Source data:
┄┄┄┄┄┄┄┄┄┄

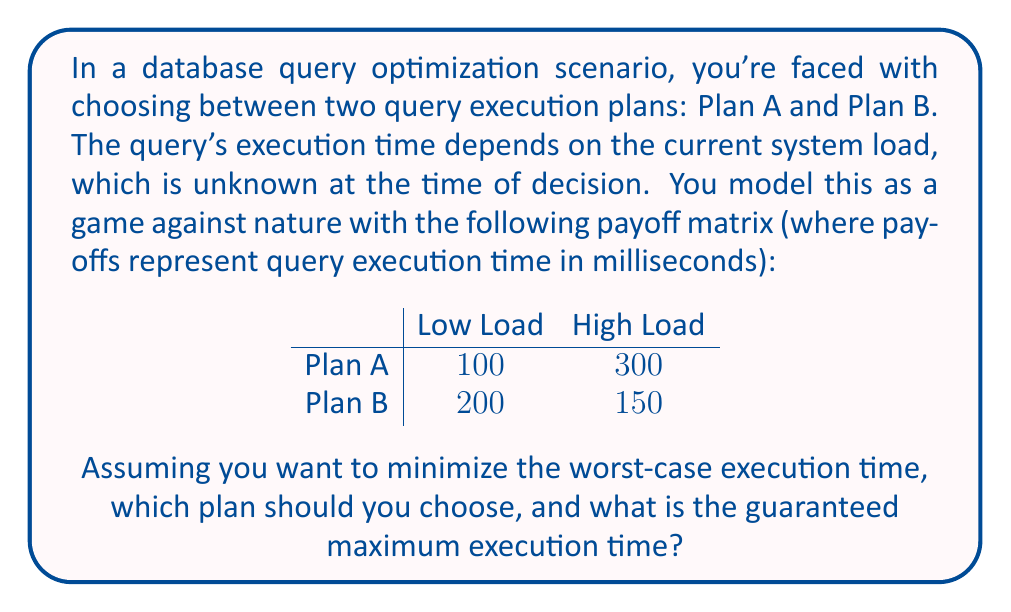Give your solution to this math problem. To solve this problem, we'll use the minimax decision rule, which is appropriate for games against nature where we want to minimize the worst-case scenario.

Step 1: Identify the worst-case scenario for each plan.
- For Plan A: $\max(100, 300) = 300$ ms
- For Plan B: $\max(200, 150) = 200$ ms

Step 2: Choose the plan with the minimum worst-case scenario.
$\min(300, 200) = 200$ ms, which corresponds to Plan B.

By choosing Plan B, we guarantee that the query execution time will not exceed 200 ms, regardless of the system load.

This approach aligns with the "minimax" strategy in game theory, where we minimize the maximum possible loss. In database query optimization, this strategy can be particularly useful when we want to ensure consistent performance and avoid exceptionally long query execution times.
Answer: Choose Plan B, with a guaranteed maximum execution time of 200 ms.

┄┄┄┄┄┄┄┄┄┄

### WORK REQUEST
Looking at the data above, return every line from the one with "corresponds to Plan B." down to the one with "By choosing Plan", exactly and inclusively.

### REPLY
$\min(300, 200) = 200$ ms, which corresponds to Plan B.

By choosing Plan B, we guarantee that the query execution time will not exceed 200 ms, regardless of the system load.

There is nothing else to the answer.